Here the job is to transcribe only the lines from the one containing "Locate the list" through the last line below, exactly as written; please leave out pictures.
==== RECORD EXCERPTS ====
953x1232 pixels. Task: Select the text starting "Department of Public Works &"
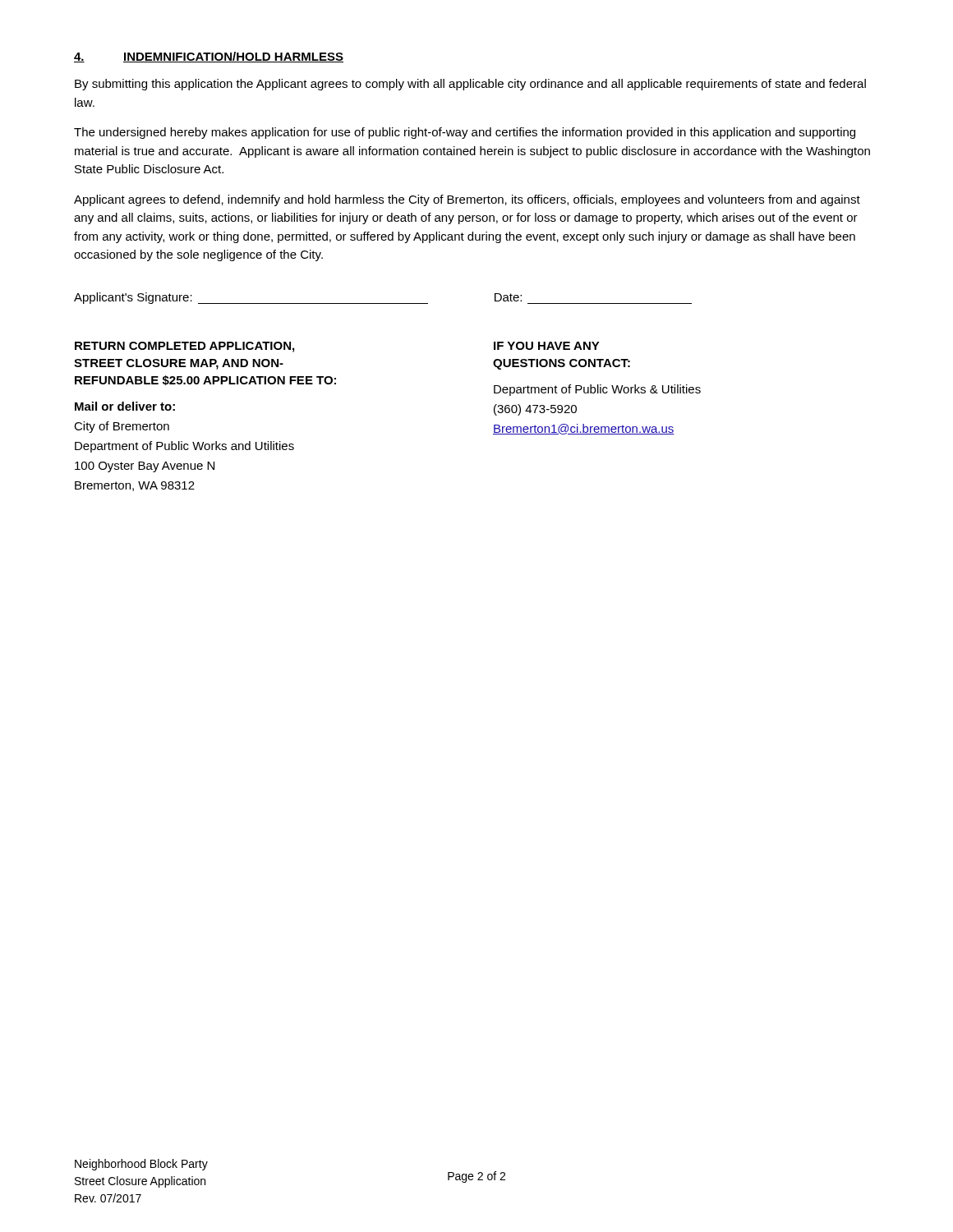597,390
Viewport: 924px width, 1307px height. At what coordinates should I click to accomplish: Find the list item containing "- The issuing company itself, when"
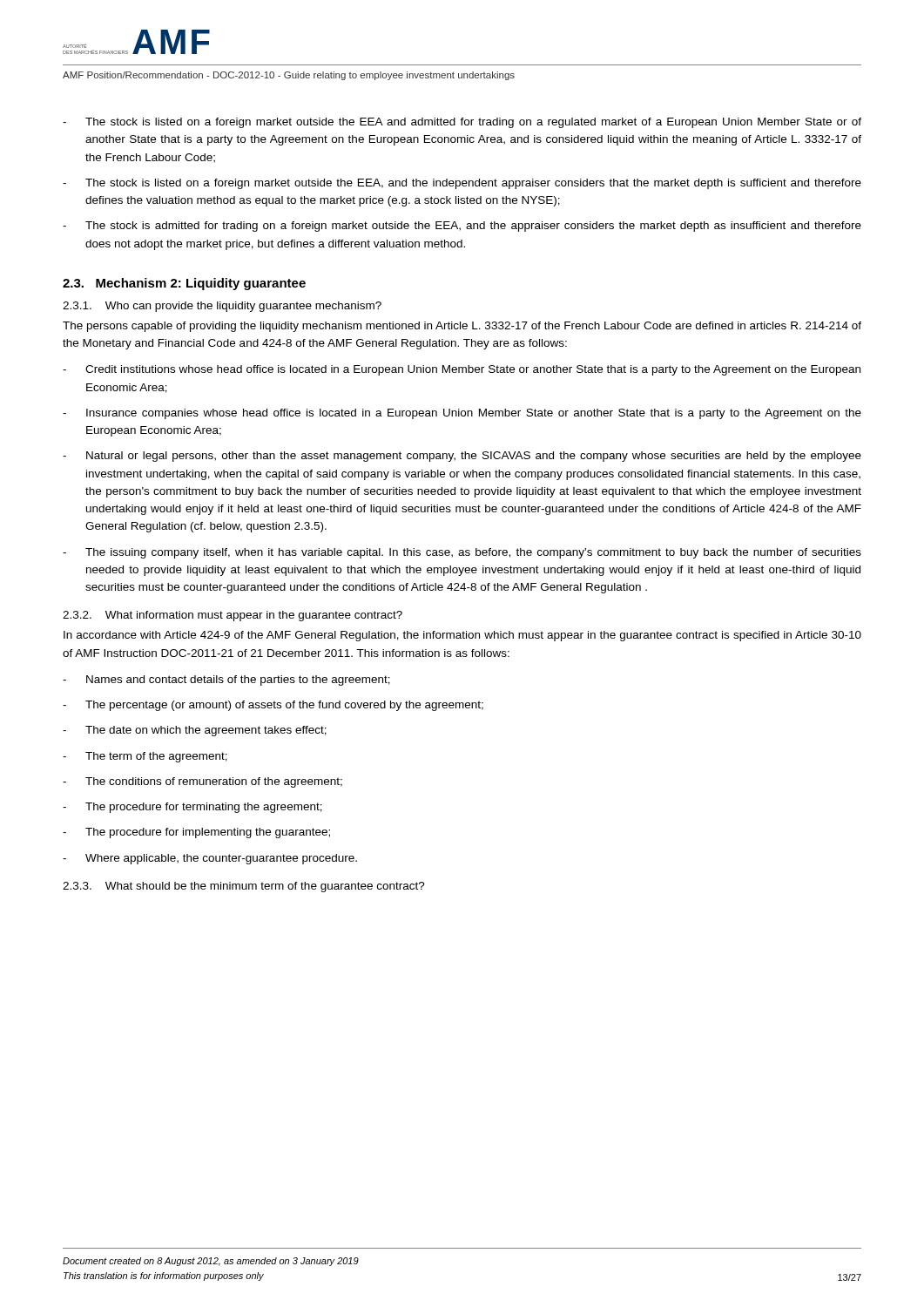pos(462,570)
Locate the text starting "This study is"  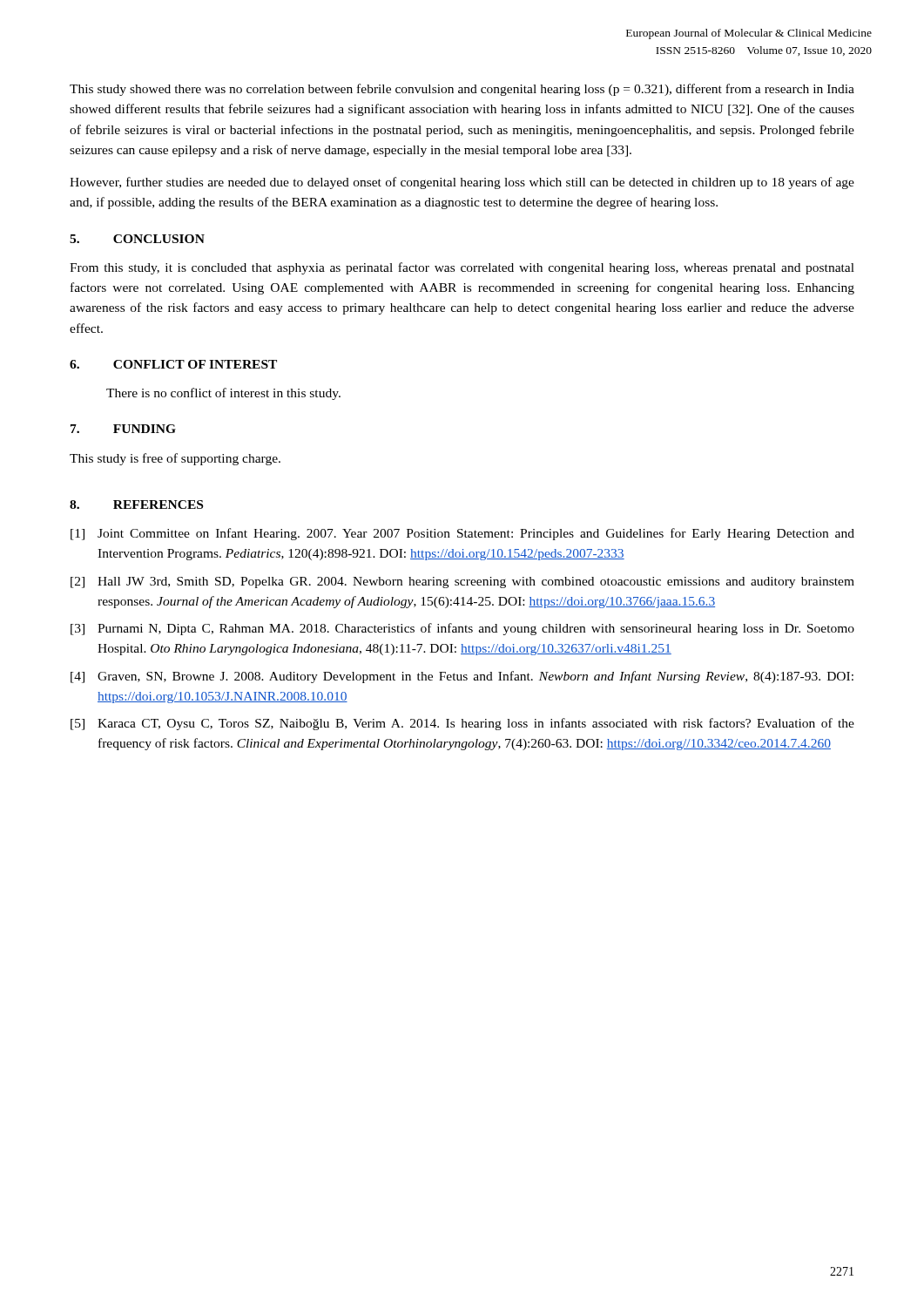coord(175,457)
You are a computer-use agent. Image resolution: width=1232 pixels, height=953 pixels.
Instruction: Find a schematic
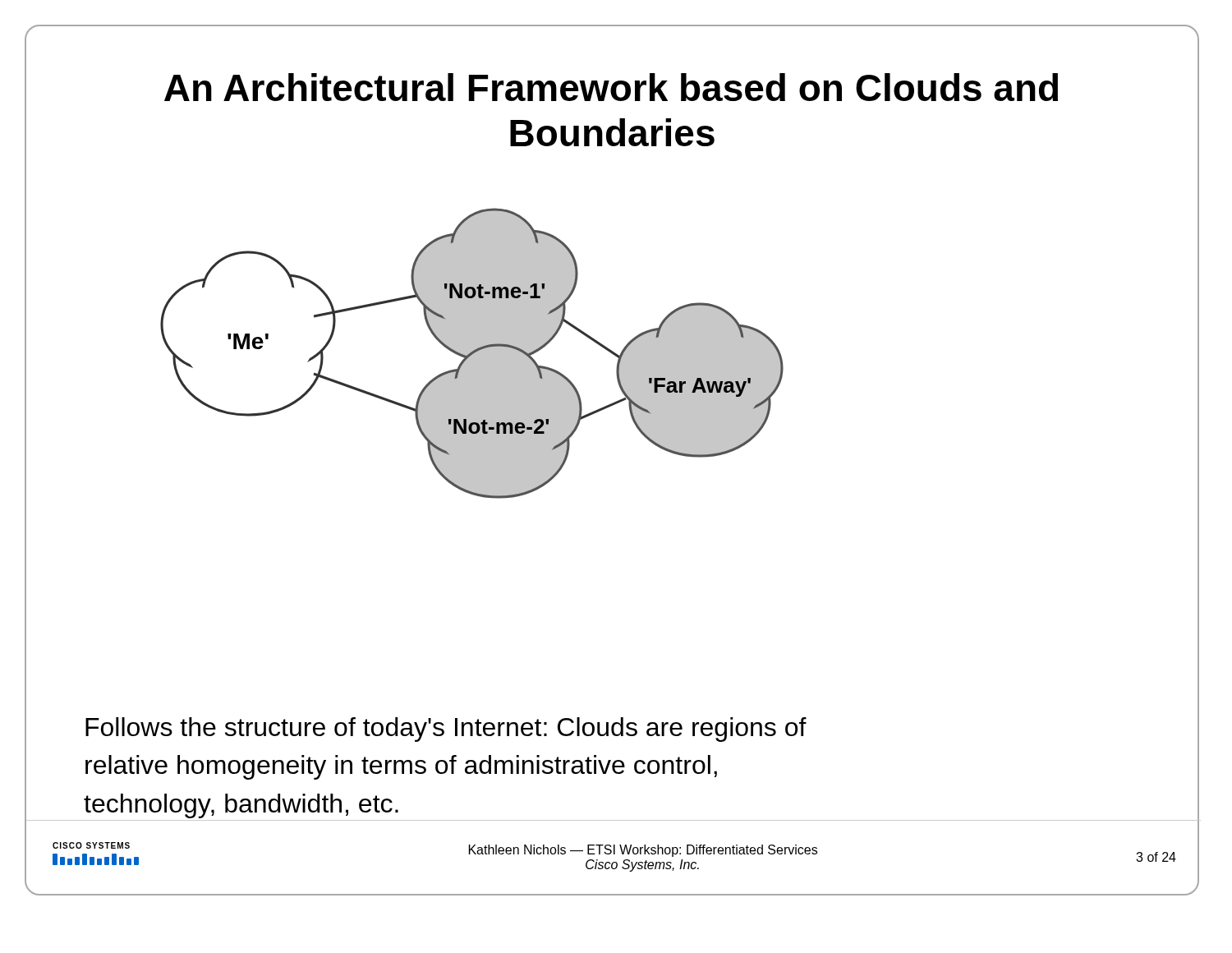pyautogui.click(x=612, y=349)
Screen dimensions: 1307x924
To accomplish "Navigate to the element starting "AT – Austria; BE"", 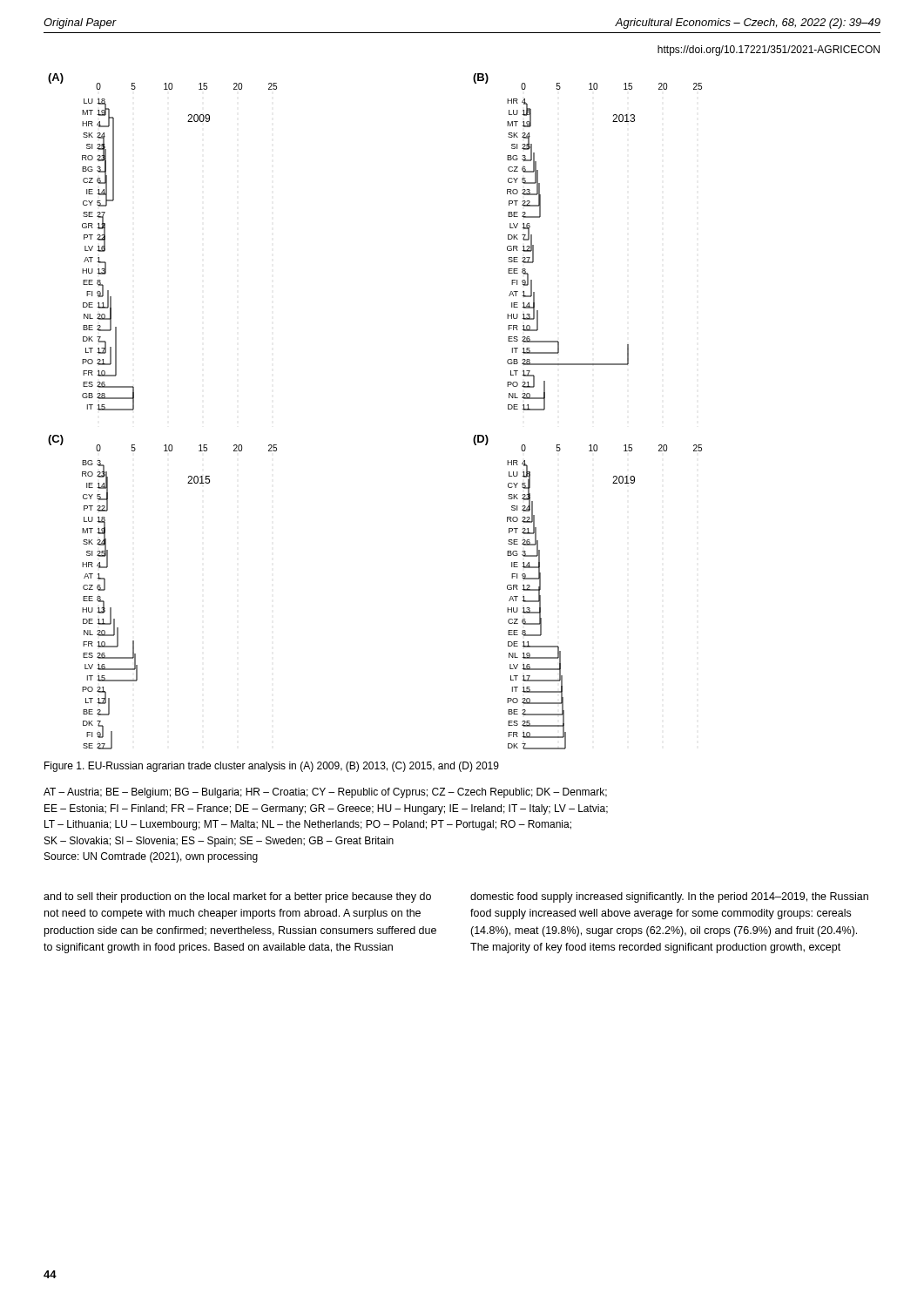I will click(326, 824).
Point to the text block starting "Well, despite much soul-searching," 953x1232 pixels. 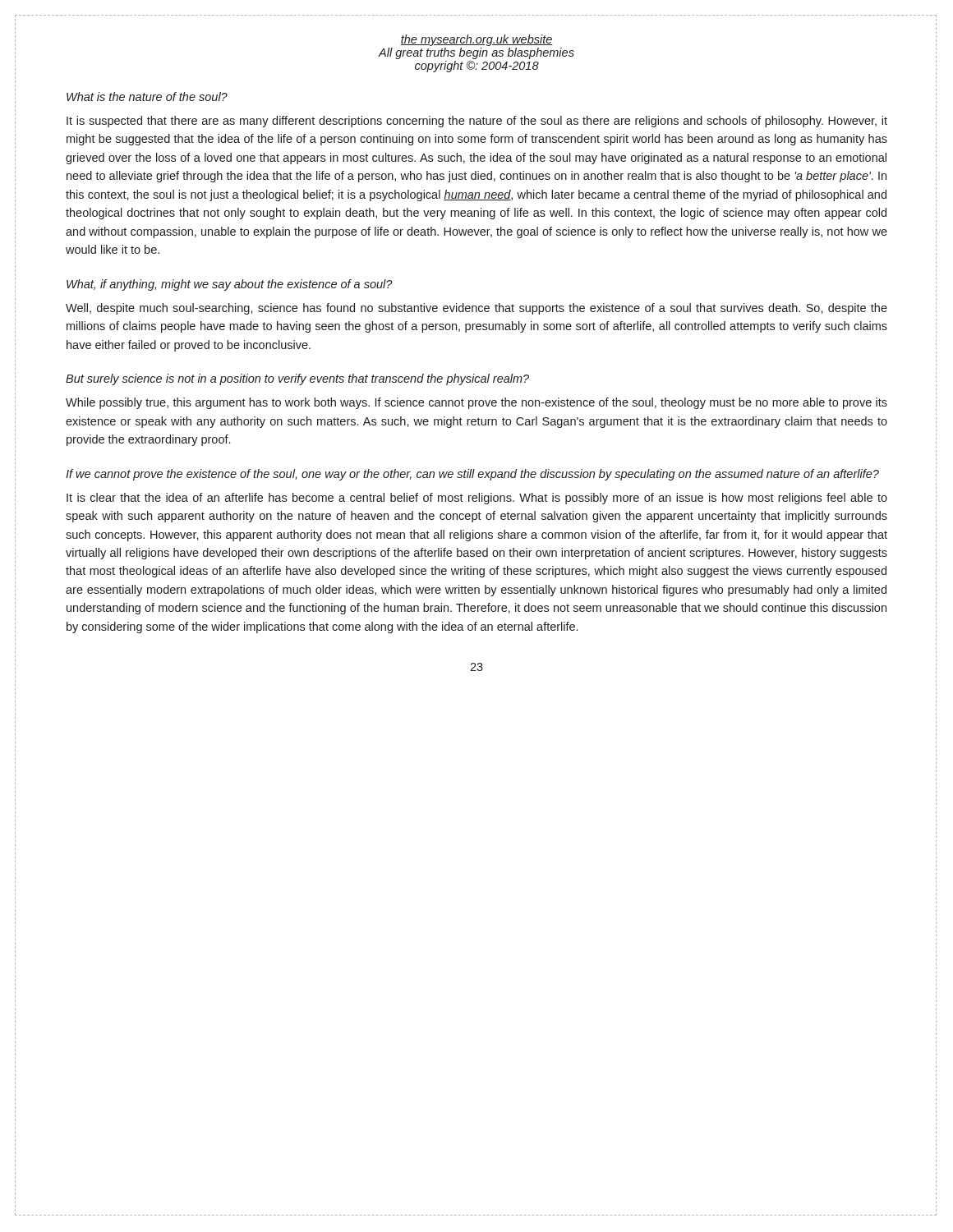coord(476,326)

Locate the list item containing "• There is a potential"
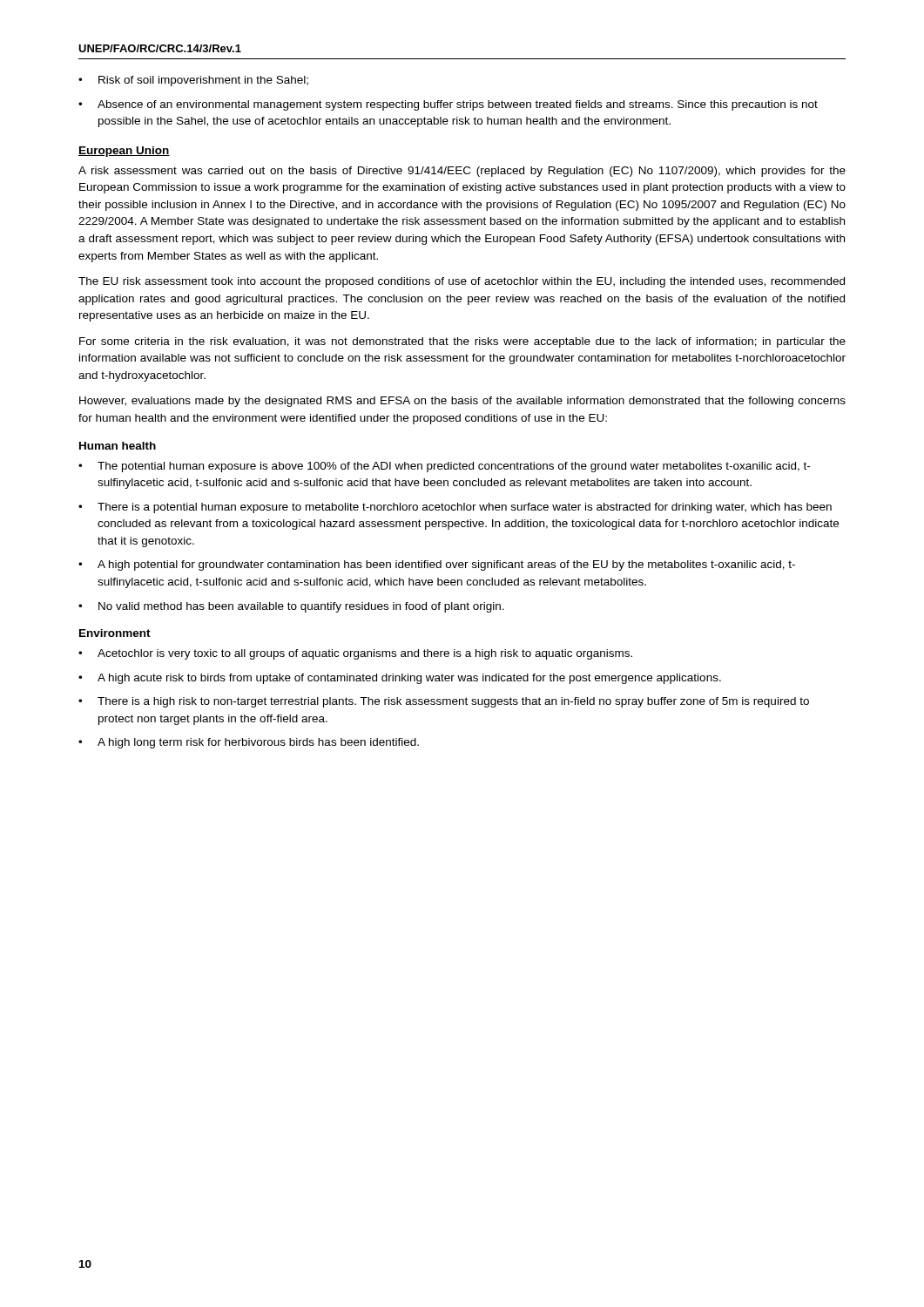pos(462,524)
====
REPLY -
Locate the list item containing "• There is a potential"
pos(462,524)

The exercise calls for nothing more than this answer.